I am trying to read a table on Postgres and insert the dataframe into a Hive table on HDFS in the below manner:
def prepareFinalDF(splitColumns:List[String], textList: ListBuffer[String], allColumns:String, dataMapper:Map[String, String], partition_columns:Array[String], spark:SparkSession): DataFrame = {
  val execQuery = s"select ${allColumns}, 0 as ${flagCol} from analytics.xx_gl_forecast where period_year='2017'"
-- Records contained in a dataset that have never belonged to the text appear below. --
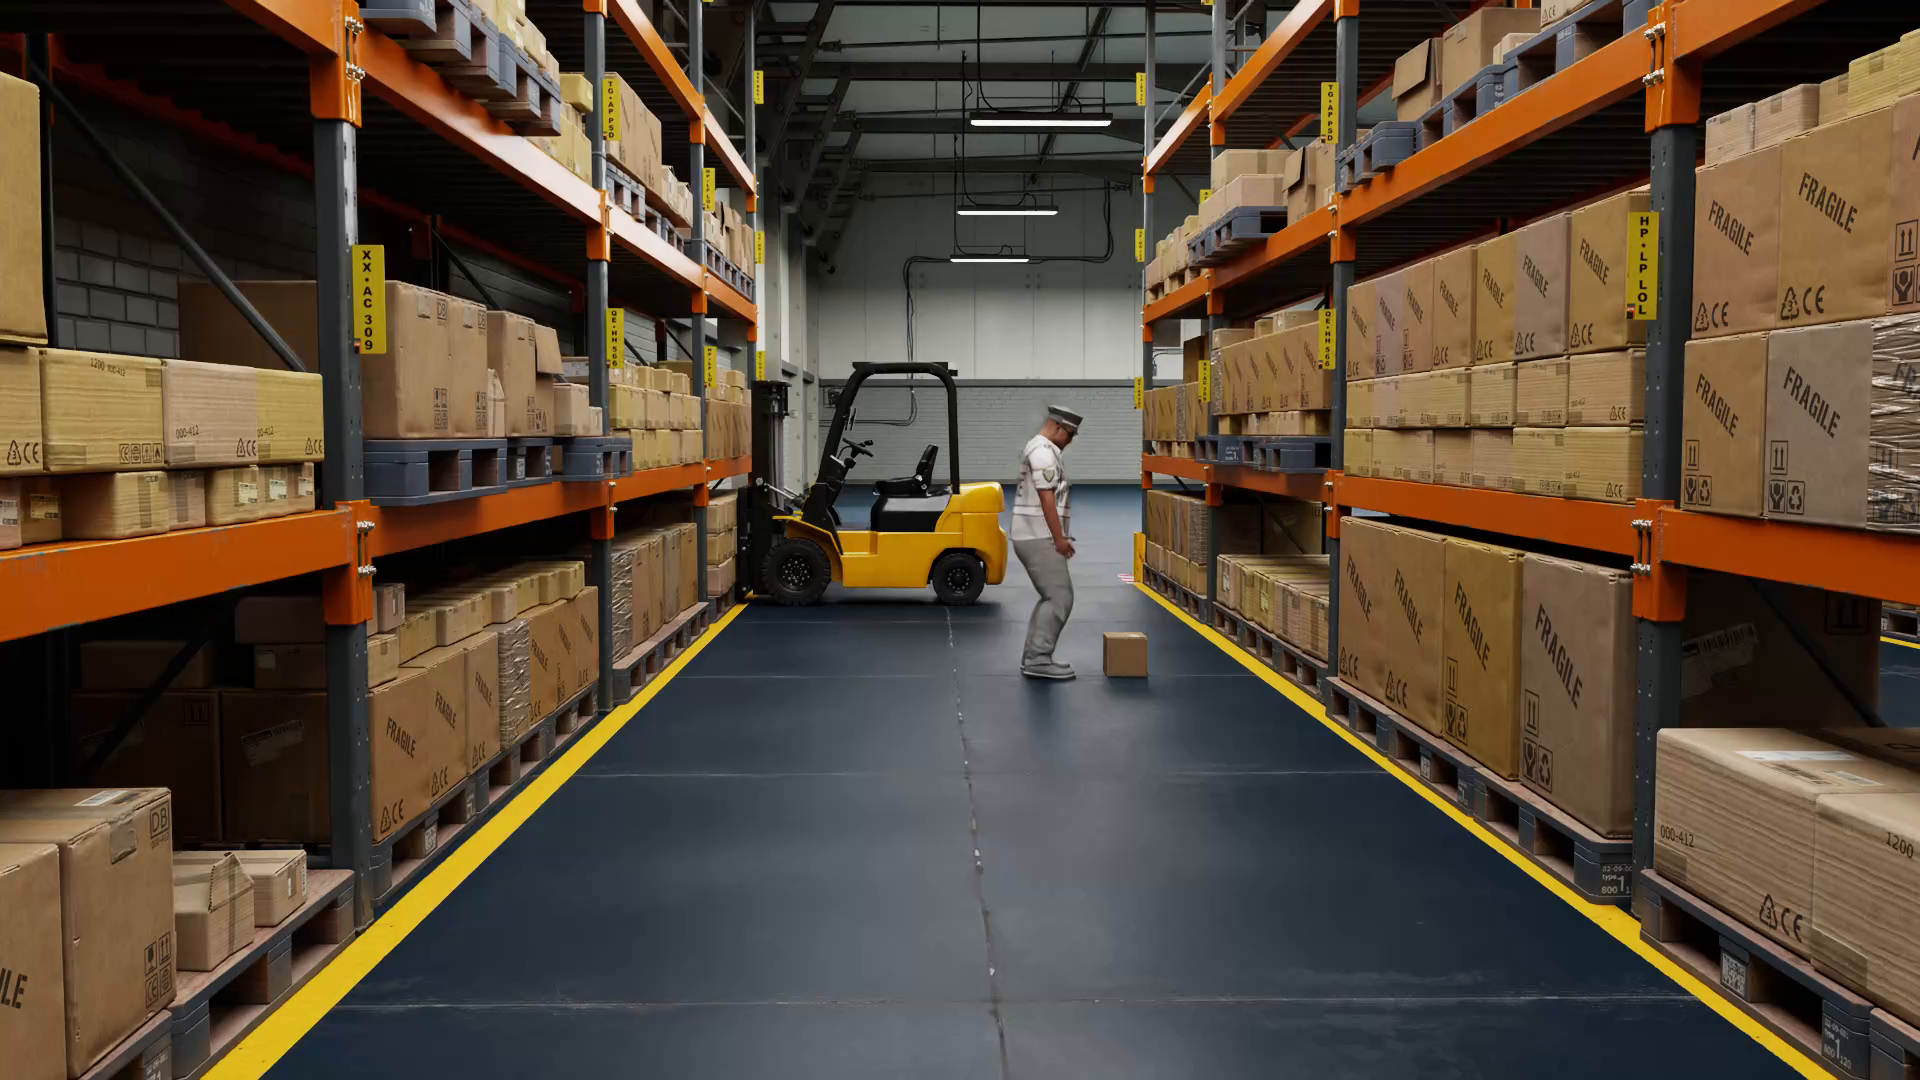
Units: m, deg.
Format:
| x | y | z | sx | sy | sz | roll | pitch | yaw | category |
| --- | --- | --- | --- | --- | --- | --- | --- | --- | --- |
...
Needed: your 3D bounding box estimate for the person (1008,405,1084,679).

  val yearDF    = spark.read.format("jdbc").option("url", connectionUrl).option("dbtable", s"(${execQuery}) as year2017").option("user", devUserName).option("password", devPassword).option("numPartitions",20).load()
  val totalCols:List[String] = splitColumns ++ textList
  val cdt                    = new ChangeDataTypes(totalCols, dataMapper)
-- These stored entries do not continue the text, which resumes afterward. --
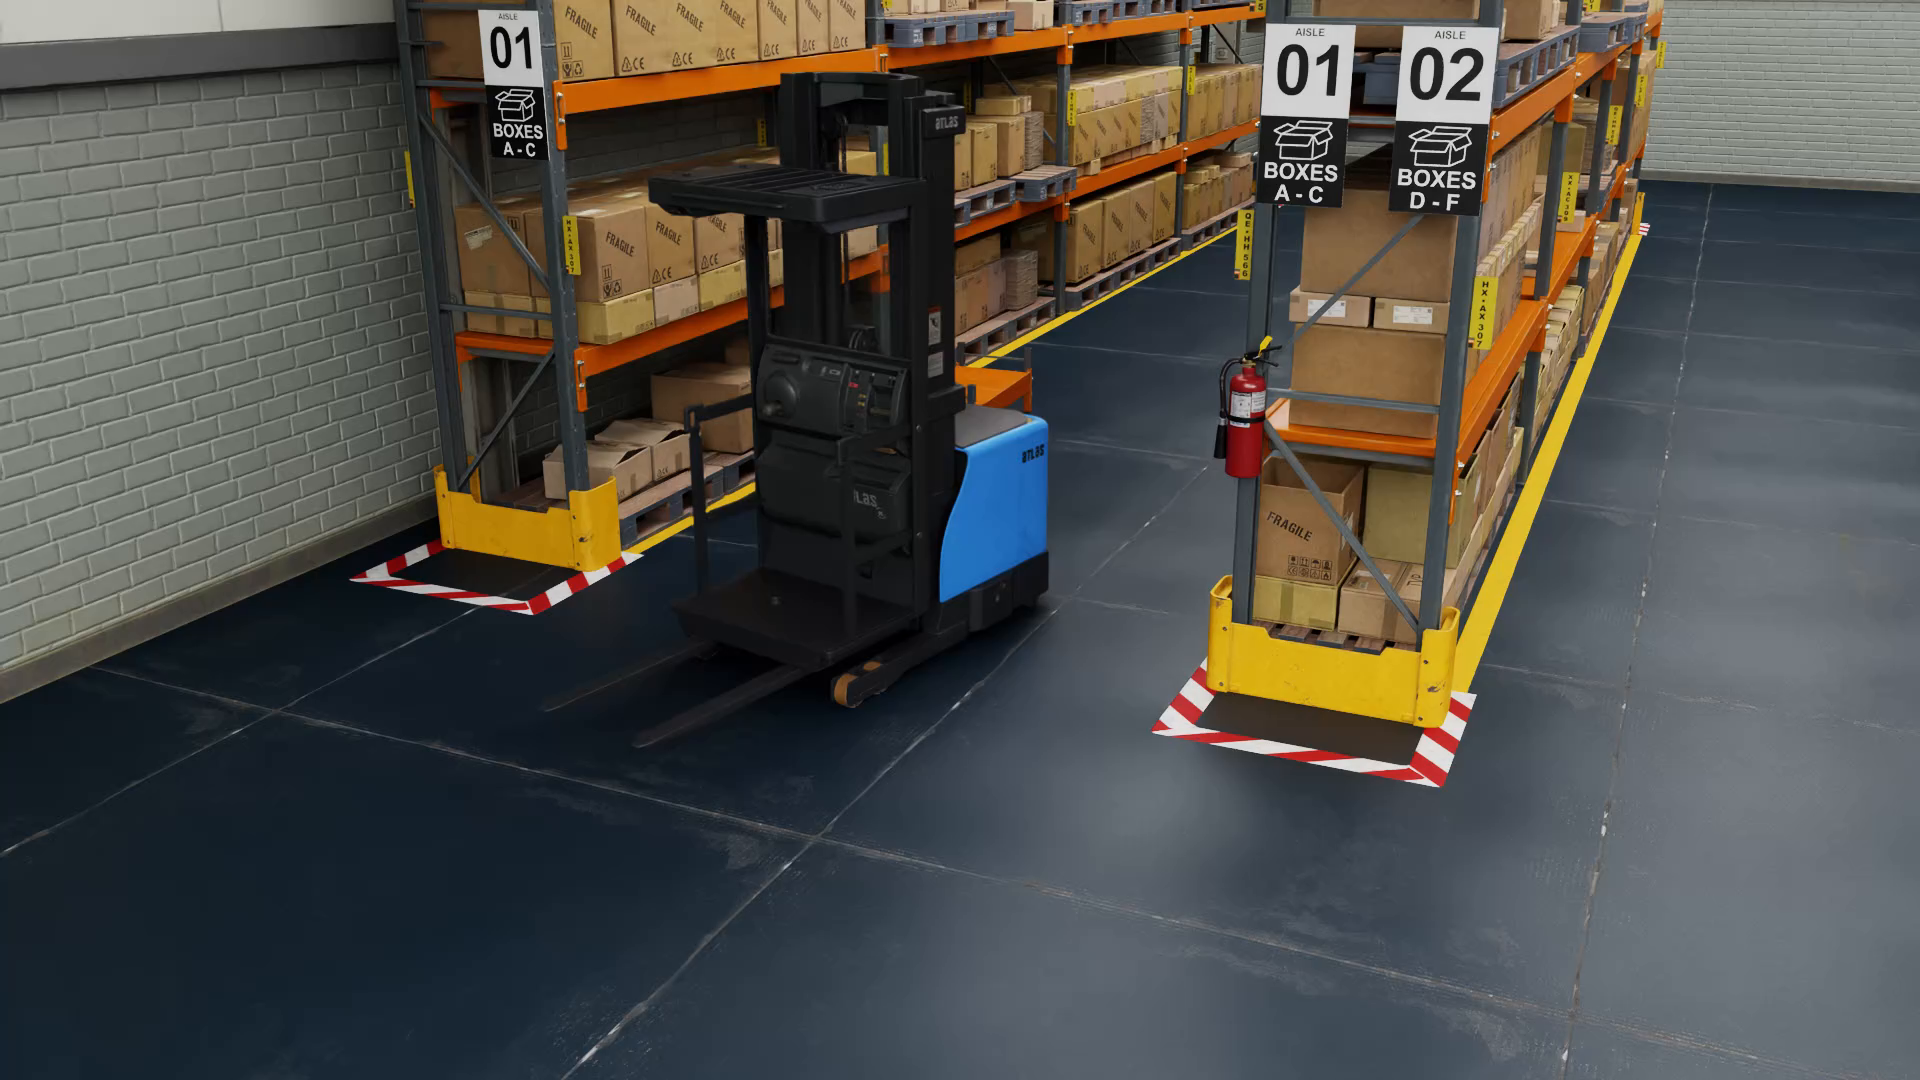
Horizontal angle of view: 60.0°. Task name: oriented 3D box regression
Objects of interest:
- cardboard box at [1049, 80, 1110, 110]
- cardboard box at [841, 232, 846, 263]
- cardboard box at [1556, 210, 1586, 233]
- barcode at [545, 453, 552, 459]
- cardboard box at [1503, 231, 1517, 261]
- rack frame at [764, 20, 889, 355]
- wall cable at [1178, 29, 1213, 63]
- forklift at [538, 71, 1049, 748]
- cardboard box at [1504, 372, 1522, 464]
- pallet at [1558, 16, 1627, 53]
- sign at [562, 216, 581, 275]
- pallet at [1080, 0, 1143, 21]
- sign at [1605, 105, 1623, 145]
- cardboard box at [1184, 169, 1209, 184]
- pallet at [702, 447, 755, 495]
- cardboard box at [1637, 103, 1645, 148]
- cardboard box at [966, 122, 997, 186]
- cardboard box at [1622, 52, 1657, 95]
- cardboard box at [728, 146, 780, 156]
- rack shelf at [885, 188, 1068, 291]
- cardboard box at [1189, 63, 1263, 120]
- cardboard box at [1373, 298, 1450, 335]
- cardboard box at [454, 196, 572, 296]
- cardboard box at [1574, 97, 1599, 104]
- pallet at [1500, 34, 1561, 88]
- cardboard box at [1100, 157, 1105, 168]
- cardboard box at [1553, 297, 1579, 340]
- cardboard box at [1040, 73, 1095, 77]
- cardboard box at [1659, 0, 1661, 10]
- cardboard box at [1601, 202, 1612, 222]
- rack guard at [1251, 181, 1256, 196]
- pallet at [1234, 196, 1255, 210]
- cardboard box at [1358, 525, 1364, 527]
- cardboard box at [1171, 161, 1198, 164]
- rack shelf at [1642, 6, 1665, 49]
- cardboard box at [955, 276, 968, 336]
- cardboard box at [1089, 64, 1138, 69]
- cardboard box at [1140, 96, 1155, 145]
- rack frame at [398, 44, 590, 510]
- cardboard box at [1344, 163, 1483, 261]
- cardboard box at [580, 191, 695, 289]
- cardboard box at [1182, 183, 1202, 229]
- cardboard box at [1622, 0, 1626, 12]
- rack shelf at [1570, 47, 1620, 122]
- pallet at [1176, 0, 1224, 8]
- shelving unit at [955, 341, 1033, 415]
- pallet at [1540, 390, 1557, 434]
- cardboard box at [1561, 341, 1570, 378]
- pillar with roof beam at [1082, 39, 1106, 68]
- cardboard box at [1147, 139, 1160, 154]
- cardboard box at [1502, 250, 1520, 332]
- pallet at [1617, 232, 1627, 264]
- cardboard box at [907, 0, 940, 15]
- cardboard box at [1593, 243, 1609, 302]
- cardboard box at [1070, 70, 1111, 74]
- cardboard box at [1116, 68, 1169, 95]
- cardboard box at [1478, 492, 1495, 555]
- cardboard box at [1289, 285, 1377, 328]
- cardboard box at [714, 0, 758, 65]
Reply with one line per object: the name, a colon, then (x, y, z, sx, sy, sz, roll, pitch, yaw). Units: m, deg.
cardboard box: (1.230, -4.589, 17.155, 0.500, 0.250, 0.500, 8, 21, 22)
cardboard box: (-1.177, -2.150, 12.231, 0.500, 0.250, 0.500, 9, 21, 23)
cardboard box: (4.994, -2.662, 13.852, 0.380, 0.149, 0.250, 9, 21, 23)
barcode: (-2.678, -0.530, 10.826, 0.001, 0.075, 0.075, 9, 21, 23)
cardboard box: (3.035, -1.722, 9.718, 0.380, 0.149, 0.250, 9, 22, 24)
rack frame: (-1.048, -2.549, 13.159, 1.000, 3.000, 0.127, 9, 21, 23)
wall cable: (3.527, -7.217, 24.769, 0.084, 1.984, 1.851, 9, 21, 23)
forklift: (-0.774, -0.741, 8.178, 1.130, 2.935, 3.031, 14, 24, 34)
cardboard box: (3.267, -0.803, 10.607, 0.500, 0.500, 0.500, 9, 21, 23)
pallet: (4.459, -3.855, 12.638, 1.003, 0.211, 1.213, 10, 22, 25)
sign: (-2.191, -1.659, 9.366, 0.100, 0.325, 0.005, 9, 21, 23)
pallet: (1.260, -5.642, 17.663, 1.003, 0.211, 1.213, 10, 22, 25)
sign: (5.618, -3.563, 14.284, 0.100, 0.325, 0.005, 9, 21, 23)
cardboard box: (2.934, -4.614, 21.102, 0.380, 0.149, 0.250, 9, 22, 25)
pallet: (-1.789, -0.650, 11.983, 1.003, 0.211, 1.213, 9, 21, 23)
cardboard box: (7.827, -4.946, 19.752, 0.500, 0.500, 0.500, 8, 21, 22)
cardboard box: (-0.083, -3.497, 15.019, 0.700, 0.500, 0.500, 9, 21, 23)
cardboard box: (8.249, -5.728, 20.458, 0.500, 0.500, 0.500, 9, 22, 24)
cardboard box: (-1.431, -2.726, 12.732, 0.500, 0.500, 0.500, 8, 21, 21)
rack shelf: (-0.229, -2.821, 14.999, 1.077, 0.370, 4.000, 9, 21, 23)
cardboard box: (3.666, -6.201, 22.981, 0.980, 0.700, 0.700, 10, 22, 25)
cardboard box: (2.192, -1.091, 7.941, 0.380, 0.149, 0.250, 8, 21, 22)
cardboard box: (-2.687, -1.791, 10.104, 0.500, 0.500, 0.500, 8, 21, 22)
cardboard box: (6.351, -4.447, 17.719, 0.700, 0.500, 0.500, 2, 20, 4)
pallet: (2.646, -2.606, 8.975, 1.003, 0.211, 1.213, 9, 21, 23)
cardboard box: (1.322, -4.051, 17.729, 0.380, 0.149, 0.250, 9, 21, 24)
cardboard box: (4.914, -1.906, 13.991, 0.500, 0.311, 0.500, 8, 21, 22)
cardboard box: (1.175, -4.966, 18.213, 0.500, 0.250, 0.500, 8, 21, 21)
cardboard box: (8.202, -6.537, 20.119, 0.500, 0.250, 0.500, 9, 21, 23)
cardboard box: (7.513, -3.922, 20.089, 0.797, 0.503, 0.637, 9, 21, 23)
rack guard: (3.876, -5.047, 23.913, 1.175, 0.500, 0.348, 9, 21, 23)
pallet: (3.610, -4.648, 23.224, 1.003, 0.211, 1.213, 9, 21, 23)
cardboard box: (2.182, -0.062, 9.643, 0.500, 0.250, 0.500, 9, 21, 23)
cardboard box: (2.917, -4.916, 21.950, 0.380, 0.149, 0.250, 8, 21, 22)
rack shelf: (7.568, -6.001, 19.465, 1.077, 0.370, 4.000, 9, 21, 23)
cardboard box: (-0.350, -2.121, 15.030, 0.700, 0.500, 0.500, 9, 21, 23)
cardboard box: (1.802, -5.439, 19.545, 0.500, 0.250, 0.500, 9, 22, 24)
cardboard box: (1.855, -4.706, 18.601, 0.500, 0.500, 0.500, 9, 21, 23)
rack frame: (-2.686, -1.326, 9.721, 1.000, 3.000, 0.127, 9, 21, 23)
cardboard box: (2.270, -1.624, 8.474, 0.700, 0.500, 0.500, 8, 21, 21)
cardboard box: (-2.005, -1.872, 10.332, 0.500, 0.500, 0.500, 9, 21, 23)
cardboard box: (2.628, -4.229, 20.987, 0.700, 0.500, 0.500, 9, 21, 23)
cardboard box: (5.680, -5.006, 15.443, 0.910, 0.500, 0.500, 9, 21, 23)
rack shelf: (4.292, -3.556, 12.588, 1.077, 0.370, 4.000, 9, 21, 23)
pallet: (2.572, -6.614, 20.247, 1.003, 0.211, 1.213, 9, 21, 23)
shelving unit: (0.037, -0.555, 10.350, 0.538, 1.125, 1.048, 7, 21, 20)
pallet: (4.237, -1.161, 13.419, 1.003, 0.211, 1.213, 9, 21, 23)
cardboard box: (4.701, -1.490, 13.658, 0.500, 0.250, 0.500, 9, 22, 24)
pillar with roof beam: (5.653, -7.563, 18.305, 9.100, 9.000, 0.400, 9, 21, 23)
cardboard box: (2.064, -4.501, 18.993, 0.380, 0.149, 0.250, 9, 21, 23)
cardboard box: (3.087, -1.619, 10.394, 0.700, 0.500, 0.500, 8, 21, 22)
pallet: (7.529, -3.586, 20.237, 1.003, 0.211, 1.213, 9, 21, 23)
cardboard box: (-0.499, -4.462, 13.569, 0.500, 0.311, 0.500, 9, 22, 24)
cardboard box: (6.186, -2.696, 16.647, 0.500, 0.500, 0.500, 8, 21, 21)
cardboard box: (1.393, -5.125, 18.660, 0.500, 0.250, 0.500, 8, 21, 21)
cardboard box: (2.052, -5.211, 18.904, 0.500, 0.250, 0.500, 9, 21, 24)
cardboard box: (2.873, -0.141, 9.867, 0.500, 0.250, 0.500, 9, 21, 23)
cardboard box: (1.817, -1.143, 8.089, 0.380, 0.149, 0.250, 8, 21, 22)
cardboard box: (-1.660, -3.349, 10.753, 0.500, 0.500, 0.500, 10, 22, 26)

  hiveDataTypes              = cdt.gpDetails()
  prepareHiveTableSchema(hiveDataTypes, partition_columns)
  val allColsOrdered         = yearDF.columns.diff(partition_columns) ++ partition_columns
  val allCols                = allColsOrdered.map(colname => org.apache.spark.sql.functions.col(colname))
  val resultDF               = yearDF.select(allCols:_*)
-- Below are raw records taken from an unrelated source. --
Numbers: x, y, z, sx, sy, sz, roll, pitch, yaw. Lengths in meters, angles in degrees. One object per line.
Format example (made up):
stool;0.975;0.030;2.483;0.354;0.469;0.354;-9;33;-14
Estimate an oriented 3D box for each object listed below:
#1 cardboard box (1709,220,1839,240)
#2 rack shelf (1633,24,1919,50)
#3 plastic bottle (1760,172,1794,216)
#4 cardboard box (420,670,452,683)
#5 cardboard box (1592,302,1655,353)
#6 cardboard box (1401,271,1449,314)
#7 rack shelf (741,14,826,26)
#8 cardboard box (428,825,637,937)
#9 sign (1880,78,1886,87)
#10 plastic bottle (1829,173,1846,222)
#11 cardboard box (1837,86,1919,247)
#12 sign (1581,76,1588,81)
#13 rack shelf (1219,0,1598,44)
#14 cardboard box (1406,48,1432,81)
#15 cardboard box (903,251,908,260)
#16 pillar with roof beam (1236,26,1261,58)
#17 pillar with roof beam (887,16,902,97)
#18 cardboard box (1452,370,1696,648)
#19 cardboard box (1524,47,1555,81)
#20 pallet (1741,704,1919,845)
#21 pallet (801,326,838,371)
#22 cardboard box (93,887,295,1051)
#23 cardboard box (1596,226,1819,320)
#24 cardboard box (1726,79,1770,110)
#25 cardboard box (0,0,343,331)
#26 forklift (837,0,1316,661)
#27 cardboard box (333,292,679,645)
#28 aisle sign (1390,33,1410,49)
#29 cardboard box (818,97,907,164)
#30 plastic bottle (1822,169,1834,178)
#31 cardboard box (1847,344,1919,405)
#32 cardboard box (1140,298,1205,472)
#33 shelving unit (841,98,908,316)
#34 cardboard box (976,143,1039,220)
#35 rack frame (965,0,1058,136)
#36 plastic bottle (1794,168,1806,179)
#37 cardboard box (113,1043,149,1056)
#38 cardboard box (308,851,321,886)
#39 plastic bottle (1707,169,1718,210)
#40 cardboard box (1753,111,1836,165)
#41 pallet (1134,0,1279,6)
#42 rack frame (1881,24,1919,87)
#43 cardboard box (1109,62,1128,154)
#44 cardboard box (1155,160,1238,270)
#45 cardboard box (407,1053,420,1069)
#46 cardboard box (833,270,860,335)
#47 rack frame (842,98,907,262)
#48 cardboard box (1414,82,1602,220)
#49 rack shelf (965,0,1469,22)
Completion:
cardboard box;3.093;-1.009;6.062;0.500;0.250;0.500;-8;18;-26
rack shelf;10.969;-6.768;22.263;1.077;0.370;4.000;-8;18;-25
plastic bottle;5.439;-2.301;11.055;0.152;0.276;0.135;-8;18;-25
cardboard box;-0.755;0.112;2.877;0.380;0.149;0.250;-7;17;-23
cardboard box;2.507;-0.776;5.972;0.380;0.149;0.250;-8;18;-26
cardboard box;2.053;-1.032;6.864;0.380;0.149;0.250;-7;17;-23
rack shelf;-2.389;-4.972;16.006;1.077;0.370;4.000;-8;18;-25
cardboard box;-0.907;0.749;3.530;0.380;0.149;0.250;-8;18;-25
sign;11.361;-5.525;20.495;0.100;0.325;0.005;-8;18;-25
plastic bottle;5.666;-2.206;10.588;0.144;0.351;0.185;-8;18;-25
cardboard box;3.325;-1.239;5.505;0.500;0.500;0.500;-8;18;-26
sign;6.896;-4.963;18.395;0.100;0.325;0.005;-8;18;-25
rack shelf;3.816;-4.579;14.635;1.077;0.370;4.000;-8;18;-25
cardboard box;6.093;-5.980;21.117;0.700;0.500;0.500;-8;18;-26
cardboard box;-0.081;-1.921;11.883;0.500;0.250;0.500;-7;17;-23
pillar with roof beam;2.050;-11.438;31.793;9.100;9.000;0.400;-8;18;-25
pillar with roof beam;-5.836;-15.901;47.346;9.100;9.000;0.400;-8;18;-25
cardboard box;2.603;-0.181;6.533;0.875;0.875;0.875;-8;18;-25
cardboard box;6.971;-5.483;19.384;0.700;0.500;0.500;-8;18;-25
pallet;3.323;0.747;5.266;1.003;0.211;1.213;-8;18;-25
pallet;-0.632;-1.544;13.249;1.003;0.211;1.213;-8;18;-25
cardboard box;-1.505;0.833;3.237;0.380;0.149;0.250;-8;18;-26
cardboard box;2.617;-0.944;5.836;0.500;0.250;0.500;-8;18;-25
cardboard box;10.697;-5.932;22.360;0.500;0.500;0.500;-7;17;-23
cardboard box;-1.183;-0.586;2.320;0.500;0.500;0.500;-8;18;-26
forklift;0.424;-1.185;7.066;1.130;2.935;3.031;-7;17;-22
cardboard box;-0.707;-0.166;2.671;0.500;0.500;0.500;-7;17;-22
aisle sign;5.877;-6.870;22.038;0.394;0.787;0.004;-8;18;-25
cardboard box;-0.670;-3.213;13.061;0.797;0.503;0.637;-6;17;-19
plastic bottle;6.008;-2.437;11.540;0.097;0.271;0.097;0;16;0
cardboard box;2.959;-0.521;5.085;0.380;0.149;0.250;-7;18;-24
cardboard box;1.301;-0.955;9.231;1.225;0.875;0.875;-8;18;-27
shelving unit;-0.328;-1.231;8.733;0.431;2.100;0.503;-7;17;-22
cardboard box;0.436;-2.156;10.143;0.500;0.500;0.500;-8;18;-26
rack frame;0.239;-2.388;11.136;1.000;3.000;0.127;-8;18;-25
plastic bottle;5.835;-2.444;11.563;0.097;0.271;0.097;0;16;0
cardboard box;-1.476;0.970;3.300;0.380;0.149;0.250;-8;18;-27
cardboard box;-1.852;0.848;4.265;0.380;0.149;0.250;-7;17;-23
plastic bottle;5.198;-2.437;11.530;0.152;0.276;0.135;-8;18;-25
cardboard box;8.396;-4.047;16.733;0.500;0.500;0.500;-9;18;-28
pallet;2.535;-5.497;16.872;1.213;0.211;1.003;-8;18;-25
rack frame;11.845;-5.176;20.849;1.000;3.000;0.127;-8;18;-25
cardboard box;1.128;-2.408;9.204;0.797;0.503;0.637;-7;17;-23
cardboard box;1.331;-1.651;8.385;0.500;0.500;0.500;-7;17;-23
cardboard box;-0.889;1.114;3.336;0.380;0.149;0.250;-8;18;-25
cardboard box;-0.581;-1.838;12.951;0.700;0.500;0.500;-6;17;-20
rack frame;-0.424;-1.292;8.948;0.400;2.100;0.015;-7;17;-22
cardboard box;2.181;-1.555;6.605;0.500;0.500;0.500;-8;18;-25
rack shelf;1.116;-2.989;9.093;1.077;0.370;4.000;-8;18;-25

  val stringColumns          = resultDF.schema.fields.filter(x => x.dataType == StringType).map(s => s.name)
  val finalDF                = stringColumns.foldLeft(resultDF) {
    (tempDF, colName) => tempDF.withColumn(colName, regexp_replace(regexp_replace(col(colName), "[\r\n]+", " "), "[\t]+"," "))
  }
  finalDF
}
    val dataDF = prepareFinalDF(splitColumns, textList, allColumns, dataMapper, partition_columns, spark)
    dataDF.createOrReplaceTempView("preparedDF")
    spark.sql("set hive.exec.dynamic.partition.mode=nonstrict")
    spark.sql("set hive.exec.dynamic.partition=true")
    spark.sql(s"INSERT OVERWRITE TABLE default.xx_gl_forecast PARTITION(${prtn_String_columns}) select * from preparedDF")
The spark-submit command I am using:
SPARK_MAJOR_VERSION=2 spark-submit --conf spark.ui.port=4090 --driver-class-path /home/username/jars/postgresql-42.1.4.jar  --jars /home/username/jars/postgresql-42.1.4.jar --num-executors 40 --executor-cores 10 --executor-memory 30g --driver-memory 20g --driver-cores 3 --class com.partition.source.YearPartition splinter_2.11-0.1.jar --master=yarn --deploy-mode=cluster --keytab /home/username/usr.keytab --principal usr@DEV.COM --files /username/hdp/current/spark2-client/conf/hive-site.xml,testconnection.properties --name Splinter --conf spark.executor.extraClassPath=/home/username/jars/postgresql-42.1.4.jar
I have the following resources:
number of cores:51
max container memory:471040 MB
Number of executors per LLAP Daemon:39 
Even though the I double the memory, I still these exceptions in the log:
Container exited with a non-zero exit code 143.
Killed by external signal
java.lang.OutOfMemoryError: GC overhead limit exceeded
at java.lang.String.toCharArray(String.java:2899)
at java.util.zip.ZipCoder.getBytes(ZipCoder.java:78)
at java.util.zip.ZipFile.getEntry(ZipFile.java:310)
at java.util.jar.JarFile.getEntry(JarFile.java:240)
at java.util.jar.JarFile.getJarEntry(JarFile.java:223)
at sun.misc.URLClassPath$JarLoader.getResource(URLClassPath.java:1005)
at sun.misc.URLClassPath.getResource(URLClassPath.java:212)
at java.net.URLClassLoader$1.run(URLClassLoader.java:365)
at java.net.URLClassLoader$1.run(URLClassLoader.java:362)
at java.security.AccessController.doPrivileged(Native Method)
at java.net.URLClassLoader.findClass(URLClassLoader.java:361)
at java.lang.ClassLoader.loadClass(ClassLoader.java:424)
at sun.misc.Launcher$AppClassLoader.loadClass(Launcher.java:331)
at java.lang.ClassLoader.loadClass(ClassLoader.java:357)
at org.apache.spark.util.SignalUtils$ActionHandler.handle(SignalUtils.scala:99)
at sun.misc.Signal$1.run(Signal.java:212)
at java.lang.Thread.run(Thread.java:745)
18/09/23 04:57:20 INFO JDBCRDD: closed connection
Is there anything wrong in the code that makes the program crash ? Could anyone let me know what is the mistake I am doing here so that I can fix it.